Written by Chareth Cutestory / 04.22.11
And Pugsy Siegel blows yet another casting call.

And Pugsy Siegel blows yet another casting call.

Question marks in the headline mean only one thing: EjacuSpeculation time! According to Nikki Fink’s dubious gossip rag, Josh Brolin is in negotiations to join Sean Penn and Baby Goose in Ruben Fleischer’s “Gangster Squad.” What, was “Mafia Crime” already taken?

“Warner Bros has begun negotiating with Sean Penn, Ryan Gosling and Josh Brolin to star in Gangster Squad, the Will Beall-scripted crime drama that will be directed by Zombieland helmer Ruben Fleischer. Production will begin in the fall. The linchpin of the film is Los Angeles mobster Mickey Cohen, which is the role that Penn is in talks to play. Gosling and Brolin are in talks to play two cops assigned to bring him down when the gangster’s penchant for violence leaves the blood of innocents on the street.” [Deadline]
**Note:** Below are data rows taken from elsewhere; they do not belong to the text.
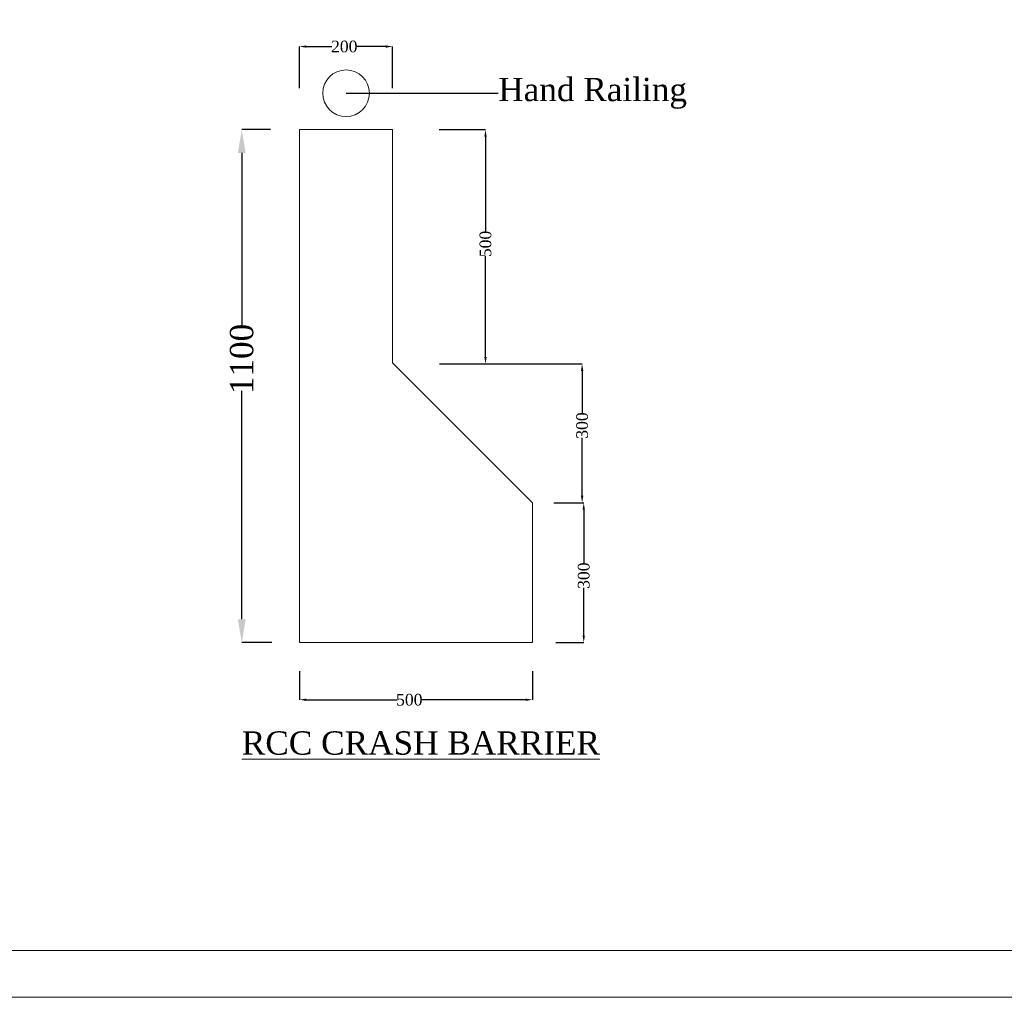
# Model space of a CAD drawing. Header units: millimetres. Extents: x -20950785 to 389010297, y -11535949 to 14056629.
# Tile 144 of 256: x 12072813 to 12115044, y -1668785 to -1626864. Entities that reach past the tile are written whole.
import ezdxf
from ezdxf import colors
from ezdxf.entities.mleader import LeaderData, LeaderLine
from ezdxf.math import Vec2, Vec3

# ---------------------------------------------------------------- set-up
doc = ezdxf.new("R2010")
doc.units = ezdxf.units.MM
doc.header["$LTSCALE"] = 60
doc.header["$MEASUREMENT"] = 0
doc.styles.add('PDF Arial Bold', font='times.ttf')
doc.dimstyles.get("Standard").update_dxf_attribs({"dimtxt": 400, "dimasz": 215, "dimexe": 0.18, "dimexo": 0.0625, "dimgap": 0.09, "dimtad": 0, "dimtih": 1, "dimtoh": 1, "dimdec": 0, "dimzin": 4, "dimdsep": 46, "dimtxsty": 'Standard', "dimblk": 'OPEN90', "dimcen": 0, "dimadec": 0, "dimazin": 1, "dimtfac": 1, "dimtdec": 0, "dimtix": 1, "dimtofl": 0, "dimtmove": 0, "dimatfit": 3, "dimldrblk": 'OPEN30', "dimfxl": 1, "dimtolj": 1, "dimtzin": 0, "dimarcsym": 0})

# ---------------------------------------------------------------- blocks, each defined once
blk = doc.blocks.new('*D1209')
at = {"color": 0, "linetype": 'Continuous', "lineweight": -2, "ltscale": 2, "transparency": 16777216}
for p, q in [((12083574, -1631577), (12082338, -1631577)), ((12082338, -1632577), (12082338, -1640050)), ((12082338, -1652577), (12082338, -1642777)), ((12083622, -1653577), (12082338, -1653577))]:
    blk.add_line(p, q, dxfattribs=at)
at = {"color": 0, "linetype": 'Continuous', "lineweight": 9, "ltscale": 2, "transparency": 16777216}
for points in [[(12082171, -1632577), (12082505, -1632577), (12082338, -1631577)], [(12082171, -1652577), (12082505, -1652577), (12082338, -1653577)]]:
    blk.add_solid(points, dxfattribs=at)
at = {"layer": 'Defpoints', "color": 0, "linetype": 'Continuous', "lineweight": 9, "ltscale": 2, "transparency": 16777216}
for p in [(12083574, -1631577), (12082338, -1653577), (12083622, -1653577)]:
    blk.add_point(p, dxfattribs=at)
at = {"color": 0, "linetype": 'Continuous', "lineweight": 9, "ltscale": 2, "transparency": 16777216, "insert": (12082338, -1641414), "char_height": 1000, "attachment_point": 5, "rotation": 90, "style": 'PDF Arial Bold'}
blk.add_mtext('\\A1;1100', dxfattribs=at)
blk = doc.blocks.new('*D1210')
at = {"color": 0, "linetype": 'Continuous', "lineweight": -2, "ltscale": 2, "transparency": 16777216}
for p, q in [((12084810, -1629796), (12084810, -1628015)), ((12085110, -1628016), (12086201, -1628016)), ((12088510, -1628016), (12087267, -1628016)), ((12088810, -1629796), (12088810, -1628015))]:
    blk.add_line(p, q, dxfattribs=at)
at = {"color": 0, "linetype": 'Continuous', "lineweight": 9, "ltscale": 2, "transparency": 16777216}
for points in [[(12085110, -1627966), (12085110, -1628066), (12084810, -1628016)], [(12088510, -1627966), (12088510, -1628066), (12088810, -1628016)]]:
    blk.add_solid(points, dxfattribs=at)
at = {"layer": 'Defpoints', "color": 0, "linetype": 'Continuous', "lineweight": 9, "ltscale": 2, "transparency": 16777216}
for p in [(12088810, -1628016), (12084810, -1629796), (12088810, -1629796)]:
    blk.add_point(p, dxfattribs=at)
at = {"color": 0, "linetype": 'Continuous', "lineweight": 9, "ltscale": 2, "transparency": 16777216, "insert": (12086734, -1628016), "char_height": 500, "attachment_point": 5, "style": 'PDF Arial Bold'}
blk.add_mtext('\\A1;200', dxfattribs=at)
blk = doc.blocks.new('*D1211')
at = {"color": 0, "linetype": 'Continuous', "lineweight": -2, "ltscale": 2, "transparency": 16777216}
for p, q in [((12090801, -1631577), (12092792, -1631577)), ((12092792, -1631877), (12092792, -1635958)), ((12092792, -1641325), (12092792, -1637004)), ((12090825, -1641625), (12092792, -1641625))]:
    blk.add_line(p, q, dxfattribs=at)
at = {"color": 0, "linetype": 'Continuous', "lineweight": 9, "ltscale": 2, "transparency": 16777216}
for points in [[(12092742, -1631877), (12092842, -1631877), (12092792, -1631577)], [(12092742, -1641325), (12092842, -1641325), (12092792, -1641625)]]:
    blk.add_solid(points, dxfattribs=at)
at = {"layer": 'Defpoints', "color": 0, "linetype": 'Continuous', "lineweight": 9, "ltscale": 2, "transparency": 16777216}
for p in [(12090801, -1631577), (12090825, -1641625), (12092792, -1641625)]:
    blk.add_point(p, dxfattribs=at)
at = {"color": 0, "linetype": 'Continuous', "lineweight": 9, "ltscale": 2, "transparency": 16777216, "insert": (12092792, -1636481), "char_height": 500, "attachment_point": 5, "rotation": 90, "style": 'PDF Arial Bold'}
blk.add_mtext('\\A1;500', dxfattribs=at)
blk = doc.blocks.new('*D1212')
at = {"color": 0, "linetype": 'Continuous', "lineweight": -2, "ltscale": 2, "transparency": 16777216}
for p, q in [((12092792, -1641625), (12096937, -1641625)), ((12096937, -1641925), (12096937, -1643740)), ((12096937, -1647277), (12096937, -1644792)), ((12095727, -1647577), (12096937, -1647577))]:
    blk.add_line(p, q, dxfattribs=at)
at = {"color": 0, "linetype": 'Continuous', "lineweight": 9, "ltscale": 2, "transparency": 16777216}
for points in [[(12096887, -1641925), (12096987, -1641925), (12096937, -1641625)], [(12096887, -1647277), (12096987, -1647277), (12096937, -1647577)]]:
    blk.add_solid(points, dxfattribs=at)
at = {"layer": 'Defpoints', "color": 0, "linetype": 'Continuous', "lineweight": 9, "ltscale": 2, "transparency": 16777216}
for p in [(12092792, -1641625), (12095727, -1647577), (12096937, -1647577)]:
    blk.add_point(p, dxfattribs=at)
at = {"color": 0, "linetype": 'Continuous', "lineweight": 9, "ltscale": 2, "transparency": 16777216, "insert": (12096937, -1644266), "char_height": 500, "attachment_point": 5, "rotation": 90, "style": 'PDF Arial Bold'}
blk.add_mtext('\\A1;300', dxfattribs=at)
blk = doc.blocks.new('*D1213')
at = {"color": 0, "linetype": 'Continuous', "lineweight": -2, "ltscale": 2, "transparency": 16777216}
for p, q in [((12095727, -1647577), (12097006, -1647577)), ((12097006, -1647877), (12097006, -1650178)), ((12097006, -1653277), (12097006, -1651229)), ((12095813, -1653577), (12097006, -1653577))]:
    blk.add_line(p, q, dxfattribs=at)
at = {"color": 0, "linetype": 'Continuous', "lineweight": 9, "ltscale": 2, "transparency": 16777216}
for points in [[(12096956, -1647877), (12097056, -1647877), (12097006, -1647577)], [(12096956, -1653277), (12097056, -1653277), (12097006, -1653577)]]:
    blk.add_solid(points, dxfattribs=at)
at = {"layer": 'Defpoints', "color": 0, "linetype": 'Continuous', "lineweight": 9, "ltscale": 2, "transparency": 16777216}
for p in [(12095727, -1647577), (12095813, -1653577), (12097006, -1653577)]:
    blk.add_point(p, dxfattribs=at)
at = {"color": 0, "linetype": 'Continuous', "lineweight": 9, "ltscale": 2, "transparency": 16777216, "insert": (12097006, -1650704), "char_height": 500, "attachment_point": 5, "rotation": 90, "style": 'PDF Arial Bold'}
blk.add_mtext('\\A1;300', dxfattribs=at)
blk = doc.blocks.new('*D1214')
at = {"color": 0, "linetype": 'Continuous', "lineweight": -2, "ltscale": 2, "transparency": 16777216}
for p, q in [((12084810, -1654801), (12084810, -1656026)), ((12094810, -1654801), (12094810, -1656026)), ((12085110, -1656026), (12089000, -1656026)), ((12094510, -1656026), (12090046, -1656026))]:
    blk.add_line(p, q, dxfattribs=at)
at = {"color": 0, "linetype": 'Continuous', "lineweight": 9, "ltscale": 2, "transparency": 16777216}
for points in [[(12085110, -1655976), (12085110, -1656076), (12084810, -1656026)], [(12094510, -1655976), (12094510, -1656076), (12094810, -1656026)]]:
    blk.add_solid(points, dxfattribs=at)
at = {"layer": 'Defpoints', "color": 0, "linetype": 'Continuous', "lineweight": 9, "ltscale": 2, "transparency": 16777216}
for p in [(12084810, -1654801), (12094810, -1654801), (12094810, -1656026)]:
    blk.add_point(p, dxfattribs=at)
at = {"color": 0, "linetype": 'Continuous', "lineweight": 9, "ltscale": 2, "transparency": 16777216, "insert": (12089523, -1656026), "char_height": 500, "attachment_point": 5, "style": 'PDF Arial Bold'}
blk.add_mtext('\\A1;500', dxfattribs=at)

msp = doc.modelspace()

# ---------------------------------------------------------------- linework, layer by layer
at = {"color": 7, "linetype": 'Continuous', "lineweight": 9, "ltscale": 2}
for p, q in [((12084810, -1653576.5), (12084810, -1631576.5)), ((12084810, -1631576.5), (12088810, -1631576.5)), ((12088810, -1631576.5), (12088810, -1641576.5)), ((12088810, -1641576.5), (12094810, -1647576.5)), ((12094810, -1653576.5), (12094810, -1647576.5)), ((12084810, -1653576.5), (12094810, -1653576.5))]:
    msp.add_line(p, q, dxfattribs=at)
for points in [[(11991969.5, -1428738.8), (12329345.7, -1428738.8), (12329345.7, -1668785), (11991969.5, -1668785)], [(11993969.5, -1430738.8), (12327345.7, -1430738.8), (12327345.7, -1666785), (11993969.5, -1666785)]]:
    msp.add_lwpolyline(points, close=True, dxfattribs=at)
msp.add_circle((12086810, -1630016.5), 1000, dxfattribs=at)

# ---------------------------------------------------------------- texts
at = {"linetype": 'Continuous', "lineweight": 9, "attachment_point": 1}
for s, insert, char_height, width in [('\\pi7448.80773;{\\fTimes New Roman|b0|i0|c0|p18;\\LCertified that the boring details  shown are correct.}', (11996265.89, -1637530.04), 1915.15152, 72153.3279), ('{\\fTimes New Roman|b0|i0|c0|p18;\\LRCC CRASH BARRIER}', (12082340.95, -1657379.5), 1000, 23943.5244)]:
    msp.add_mtext(s, dxfattribs=dict(at, insert=insert, char_height=char_height, width=width))

# ---------------------------------------------------------------- dimensions: what is measured, and where the dimension line sits
at = {"color": 7, "linetype": 'Continuous', "lineweight": 9, "ltscale": 2}
for base, p1, p2, text, picture, middle in [((12088810, -1628015.5), (12084810, -1629795.88), (12088810, -1629795.88), '200', '*D1210', (12086733.82, -1628015.5)), ((12094810, -1656025.5), (12084810, -1654801.12), (12094810, -1654801.12), '500', '*D1214', (12089523, -1656025.5))]:
    dim = msp.add_linear_dim(base=base, p1=p1, p2=p2, text=text, dimstyle='Standard', override={"dimtxt": 500, "dimasz": 300, "dimtxsty": 'PDF Arial Bold', "dimfxl": 300}, dxfattribs=at)
    dim.commit()
    dim.dimension.update_dxf_attribs({"geometry": picture, "text_midpoint": middle, "dimtype": 160})
for base, p1, p2, text, override, picture, middle in [((12082338, -1653576.5), (12083573.88, -1631576.5), (12083621.88, -1653576.5), '1100', {"dimtxt": 1000, "dimasz": 1000, "dimtxsty": 'PDF Arial Bold', "dimfxl": 300}, '*D1209', (12082338, -1641413.5)), ((12092791.5, -1641624.5), (12090800.87, -1631576.5), (12090824.87, -1641624.5), '500', {"dimtxt": 500, "dimasz": 300, "dimtxsty": 'PDF Arial Bold', "dimfxl": 300}, '*D1211', (12092791.5, -1636481)), ((12096937, -1647576.5), (12092791.68, -1641624.5), (12095727, -1647576.5), '300', {"dimtxt": 500, "dimasz": 300, "dimtxsty": 'PDF Arial Bold', "dimfxl": 300}, '*D1212', (12096937, -1644266)), ((12097006, -1653576.5), (12095727, -1647576.5), (12095813, -1653576.5), '300', {"dimtxt": 500, "dimasz": 300, "dimtxsty": 'PDF Arial Bold', "dimfxl": 300}, '*D1213', (12097006, -1650703.5))]:
    dim = msp.add_linear_dim(base=base, p1=p1, p2=p2, angle=90, text=text, dimstyle='Standard', override=override, dxfattribs=at)
    dim.commit()
    dim.dimension.update_dxf_attribs({"geometry": picture, "text_midpoint": middle, "dimtype": 160, "text_rotation": 90})

# ---------------------------------------------------------------- leaders
ml = msp.add_multileader_mtext('Standard', dxfattribs=at)
ml.set_content('Hand Railing', color=7, style='PDF Arial Bold')
ml.set_leader_properties()
ml.build(insert=Vec2(0, 0))
ml.multileader.update_dxf_attribs({"text_right_attachment_type": 6, "dogleg_length": 0.36, "arrow_head_size": 0.18})
ctx = ml.context
ctx.base_point, ctx.char_height, ctx.arrow_head_size, ctx.landing_gap_size, ctx.plane_origin = Vec3(12093337.36, -1630016.5), 1000, 0.18, 0.09, Vec3(12086810, -1630016.5)
ctx.right_attachment = 6
notes = []
notes.append((ctx, [(0, (1, 1, 0), (12093337, -1630016.5), (1, 0), 0.36, [(0, [(12086810, -1630016.5)], 0, [])])]))
ctx.mtext.insert, ctx.mtext.flow_direction = Vec3(12093337.45, -1629357.16), 5
for ctx, leaders in notes:
    for number, flags, end, landing, length, lines in leaders:
        leader = LeaderData()
        leader.index, (leader.has_last_leader_line, leader.has_dogleg_vector, leader.attachment_direction) = number, flags
        leader.last_leader_point, leader.dogleg_vector, leader.dogleg_length = Vec3(end), Vec3(landing), length
        for number, points, colour, breaks in lines:
            line = LeaderLine()
            line.index, line.vertices, line.color, line.breaks = number, Vec3.list(points), colors.encode_raw_color(colour), breaks
            leader.lines.append(line)
        ctx.leaders.append(leader)

doc.saveas('drawing.dxf')

This is still in the early stages, and I hope they’re able to make this happen since it sounds really cool, but I’m worried that the prospect of a hardscrabble Brolin teaming-up with an naively optimistic Gosling to take down Penn’s over-the-top Jewish kingpin is just too good to be true.

CHIEF: Yer a loose cannon, McPunchington! You can’t just beat a suspect in custody!

BROLIN: Seems like I just did, Chief. *takes swig from flask, smiles haggardly*

CHIEF: That’s it, yer off the case, Detective! Send in the kid.

BROLIN: Detective Snugfeather? He doesn’t even carry a gun! He says they’re too loud.

[interrogation room door flies open]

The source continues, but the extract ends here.